According to Professor Cole, citizenship should not matter, and further, the detention of
a citizen should not be considered “more dubious legally” than that of a non-citizen. He
argues that the “human-rights revolution over the past 50 years has identified
fundamental rights like the right not to be arbitrarily detained as extending to all
regardless of nationality. Human-rights treaties ground these guarantees in “human
dignity” and Americans have no monopoly on that.”
Professor Cole is right on point. One can become an American citizen by sheer accident
of being born to an American citizen parent without having much contact with the US. On
the other hand, there are millions of non-citizens who live in the US and have developed
substantial ties with the country by working here, paying taxes and establishing families.
When one considers the fundamental right of a person to not being locked up without
due process, it is irrelevant whether the person is a citizen or a foreigner. From the
prisoner’s standpoint, he or she has the same interest in not being locked up
erroneously or arbitrarily, according to Professor Cole. Even from the government’s
perspective, the motivation to lock up an alleged terrorist, citizen or not, is to further the
security interests of the US.
As a result of differing standards in the rights accorded to citizens and non-citizens,
certain immigrants living in the US got a raw deal after the September 11 terrorist
attacks. Over 1,200 non-citizens were detained in a sweep targeted against Muslims,
Arabs and South Asians. The government refused to say exactly how many were
detained and who they were. These detainees suffered exceptional hardship and were
detained for weeks or months without charge. They were also detained even after the
judge ordered them released or removed from the US. Many of the detainees were
subject to solitary confinement and physical abuse.
Unfortunately, US immigration law gives extremely broad powers to the US government
with respect to the detention and removal of non-citizens. Had these 9/11 detainees
been charged under the criminal justice system, within the US, they would have claimed
more rights such as the right to a lawyer and the right against detention without charge.
At least the immigrants detained in the sweep got a deportation hearing, even if it was
kept secret.
Even after the sweep, immigrants in the US have been targeted solely because of their
nationality, ethnicity or religion.
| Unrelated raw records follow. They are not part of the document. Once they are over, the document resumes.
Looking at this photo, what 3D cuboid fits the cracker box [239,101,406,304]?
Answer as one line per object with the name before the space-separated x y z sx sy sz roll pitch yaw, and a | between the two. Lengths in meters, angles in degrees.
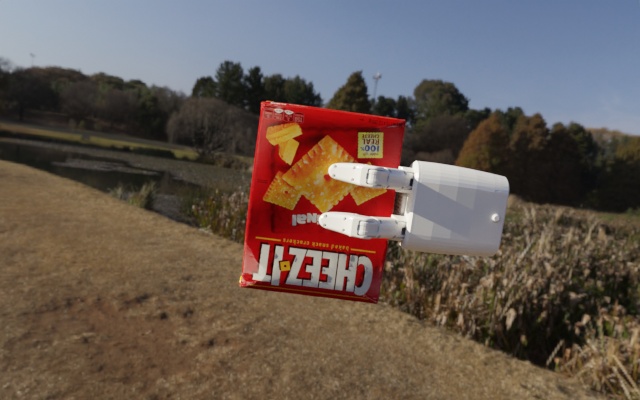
cracker box | 0.000 0.002 0.559 0.164 0.214 0.072 8 6 -2
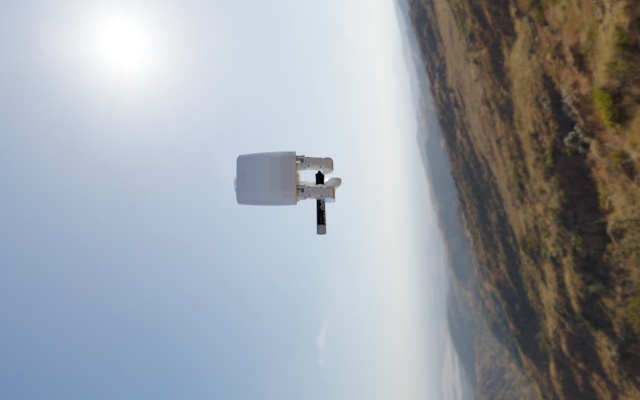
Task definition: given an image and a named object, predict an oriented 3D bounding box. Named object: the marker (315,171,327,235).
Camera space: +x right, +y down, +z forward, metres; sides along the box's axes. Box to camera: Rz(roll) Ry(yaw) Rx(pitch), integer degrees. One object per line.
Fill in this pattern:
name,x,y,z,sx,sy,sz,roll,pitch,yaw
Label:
marker,0.000,0.003,0.883,0.020,0.121,0.020,-1,-15,0
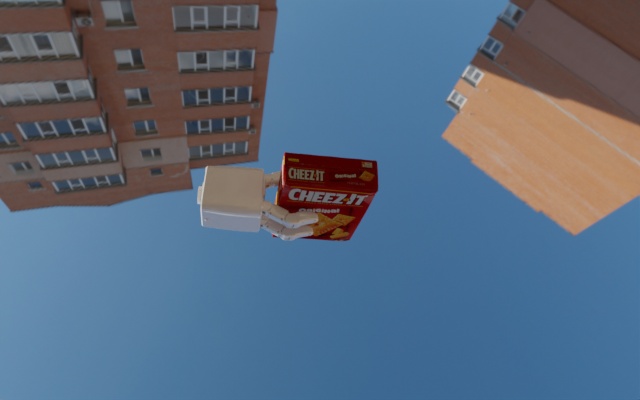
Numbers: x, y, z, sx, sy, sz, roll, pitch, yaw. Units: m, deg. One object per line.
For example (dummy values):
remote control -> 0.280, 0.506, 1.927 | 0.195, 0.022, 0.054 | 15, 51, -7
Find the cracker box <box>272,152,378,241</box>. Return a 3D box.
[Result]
cracker box -> 0.000, 0.003, 0.891 | 0.164, 0.072, 0.214 | 4, -29, -10
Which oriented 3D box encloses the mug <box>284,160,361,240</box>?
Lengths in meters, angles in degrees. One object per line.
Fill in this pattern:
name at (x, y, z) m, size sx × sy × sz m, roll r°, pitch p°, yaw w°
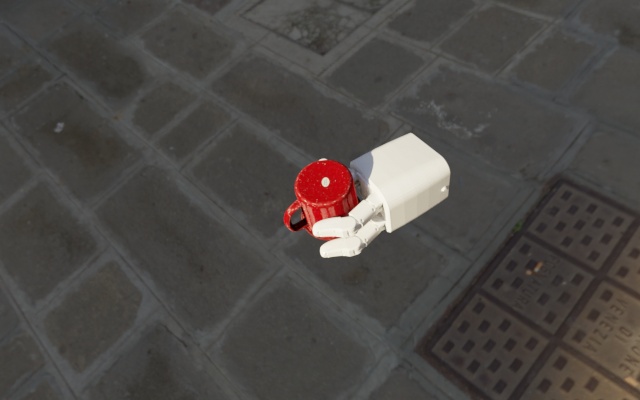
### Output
mug at (-0.001, 0.003, 0.675) m, size 0.117 × 0.093 × 0.082 m, roll -29°, pitch -35°, yaw -8°
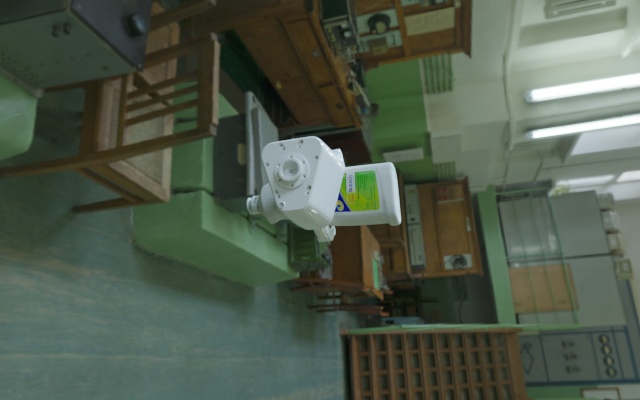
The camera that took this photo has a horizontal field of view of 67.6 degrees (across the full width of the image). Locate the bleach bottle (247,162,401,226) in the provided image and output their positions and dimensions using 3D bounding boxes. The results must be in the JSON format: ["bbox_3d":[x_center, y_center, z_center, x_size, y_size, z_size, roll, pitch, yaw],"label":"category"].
[{"bbox_3d":[0.000,0.002,0.784,0.251,0.102,0.068,-7,-16,14],"label":"bleach bottle"}]
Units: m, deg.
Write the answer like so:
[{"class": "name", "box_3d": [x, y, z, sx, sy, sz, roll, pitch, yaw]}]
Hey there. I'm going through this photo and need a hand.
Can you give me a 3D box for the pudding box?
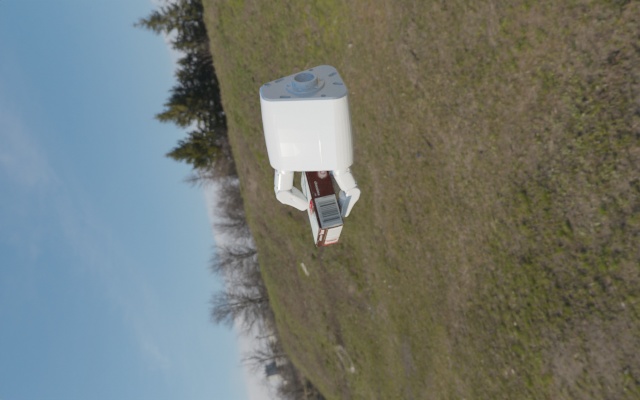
[{"class": "pudding box", "box_3d": [0.000, 0.002, 0.714, 0.039, 0.113, 0.090, -10, -20, -7]}]
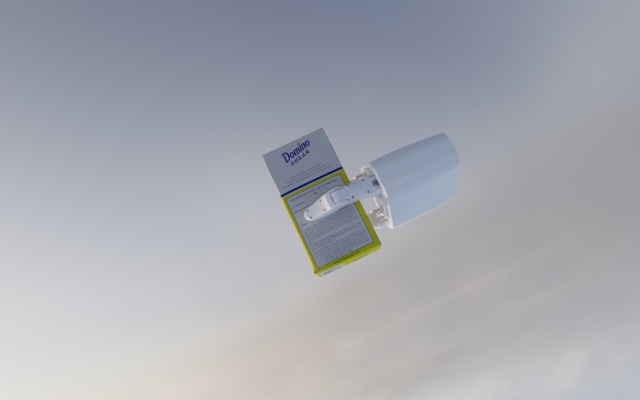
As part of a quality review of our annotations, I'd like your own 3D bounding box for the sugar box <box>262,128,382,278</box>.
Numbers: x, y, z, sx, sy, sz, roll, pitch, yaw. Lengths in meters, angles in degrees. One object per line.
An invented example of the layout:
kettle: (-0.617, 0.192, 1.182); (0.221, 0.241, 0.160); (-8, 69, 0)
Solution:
sugar box: (0.000, 0.002, 0.631); (0.093, 0.176, 0.048); (-25, -16, -2)
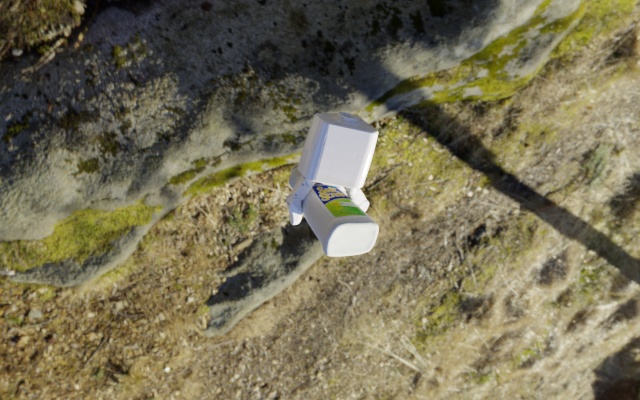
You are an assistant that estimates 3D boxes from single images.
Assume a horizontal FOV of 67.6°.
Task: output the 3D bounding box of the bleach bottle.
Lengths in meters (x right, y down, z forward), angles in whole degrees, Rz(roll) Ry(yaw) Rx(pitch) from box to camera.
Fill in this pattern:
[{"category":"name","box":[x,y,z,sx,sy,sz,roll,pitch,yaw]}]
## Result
[{"category":"bleach bottle","box":[0.000,0.003,0.869,0.102,0.068,0.250,0,30,-30]}]
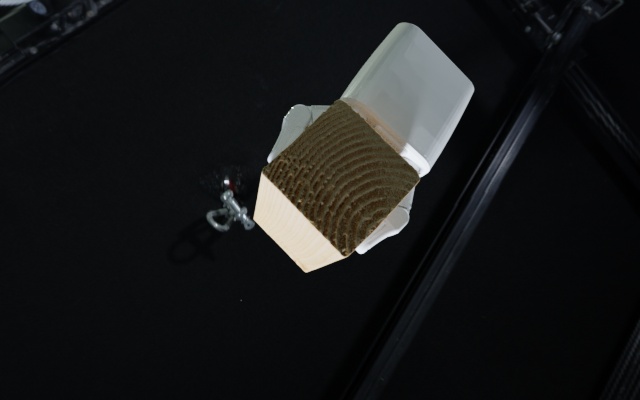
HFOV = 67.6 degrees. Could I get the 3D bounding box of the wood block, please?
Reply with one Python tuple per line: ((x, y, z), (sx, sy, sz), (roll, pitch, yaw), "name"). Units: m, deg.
((0.001, 0.001, 0.452), (0.090, 0.091, 0.206), (-45, -2, -15), "wood block")
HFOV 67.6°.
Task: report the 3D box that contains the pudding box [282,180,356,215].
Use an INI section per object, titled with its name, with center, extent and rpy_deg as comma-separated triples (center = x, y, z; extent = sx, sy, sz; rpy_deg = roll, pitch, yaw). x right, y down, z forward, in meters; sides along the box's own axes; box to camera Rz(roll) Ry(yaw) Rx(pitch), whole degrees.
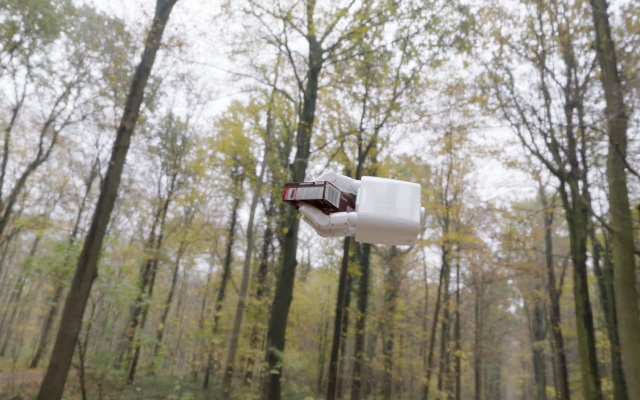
[pudding box]
center = 0.000, 0.003, 0.854
extent = 0.090, 0.039, 0.113
rpy_deg = -3, -24, 32
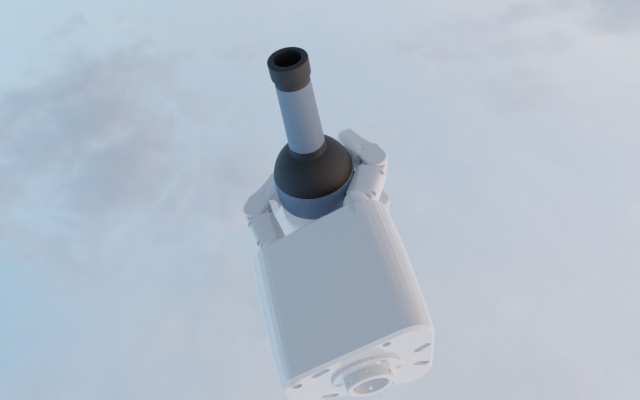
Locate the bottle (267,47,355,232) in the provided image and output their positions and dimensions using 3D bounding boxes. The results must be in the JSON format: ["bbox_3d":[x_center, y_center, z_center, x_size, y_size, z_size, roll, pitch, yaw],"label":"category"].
[{"bbox_3d":[0.000,0.001,0.419,0.069,0.069,0.296,0,-39,11],"label":"bottle"}]
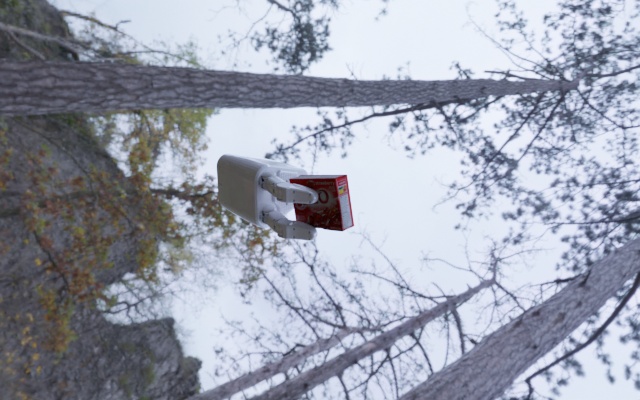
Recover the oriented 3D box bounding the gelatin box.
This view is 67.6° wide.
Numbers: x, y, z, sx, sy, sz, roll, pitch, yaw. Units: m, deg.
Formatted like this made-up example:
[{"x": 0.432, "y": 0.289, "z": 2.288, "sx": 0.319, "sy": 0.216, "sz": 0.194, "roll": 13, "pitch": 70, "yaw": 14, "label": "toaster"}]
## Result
[{"x": 0.001, "y": 0.002, "z": 0.659, "sx": 0.089, "sy": 0.073, "sz": 0.030, "roll": 2, "pitch": 16, "yaw": 41, "label": "gelatin box"}]
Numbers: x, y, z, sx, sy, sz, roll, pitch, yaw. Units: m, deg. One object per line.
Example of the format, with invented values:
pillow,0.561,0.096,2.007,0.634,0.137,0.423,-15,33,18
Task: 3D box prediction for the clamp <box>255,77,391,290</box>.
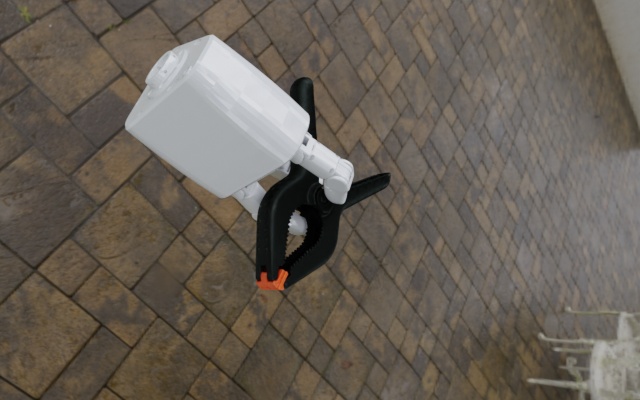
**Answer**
clamp,0.000,0.002,0.485,0.036,0.210,0.165,-10,-38,47
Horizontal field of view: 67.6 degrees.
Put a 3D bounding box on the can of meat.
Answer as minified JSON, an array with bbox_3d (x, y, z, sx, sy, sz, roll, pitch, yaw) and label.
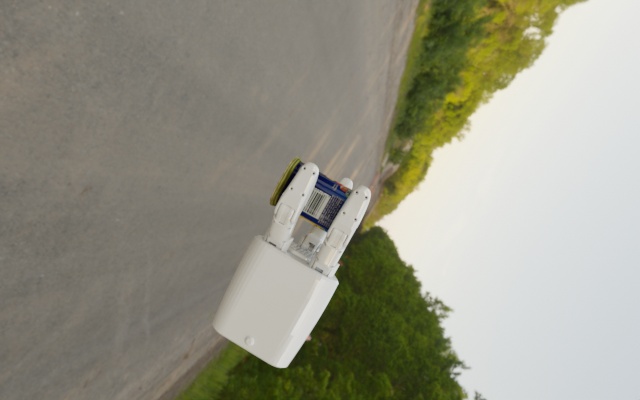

In 2002, the government’s Call-In Special Registration
Program targeted males from countries with significant Islamic population, and caused
havoc within immigrant communities as it tore apart families.
However, in the case of the Guantanamo Bay detainees and Padillia/Hamdi, designated
as “enemy combatants,” the government is claiming even more broad powers to detain
them indefinitely without charge, hearing or access to the courts.
The Commission in the US Congress investigating the 9/11 attacks has concluded that
immigration policies that were promoted after 9/11 to keep the country from further
attacks have been ineffective and produced little, if any, information leading to the
identification or apprehension of terrorists (“9/11 Panel Calls Policies on Immigration
Ineffective,” New York Times, April 17, 2004). Moreover, a report of the Migration Policy
Institute (MPI), an immigration policy think tank in Washington, D.C., has also concluded
that the government’s post-9/11 measures against non-citizens have failed to make us
safe, have violated our fundamental civil liberties, and have undermined national unity.
According to the MPI report, available at
www.immigrationpolicy.org, the government
conducted round-ups of individuals in the US based on their national origin and religion.
These round-ups failed to locate terrorists and damaged one of the great potential
assets in the war on terrorism: the trust of Arab- and Muslim-American communities.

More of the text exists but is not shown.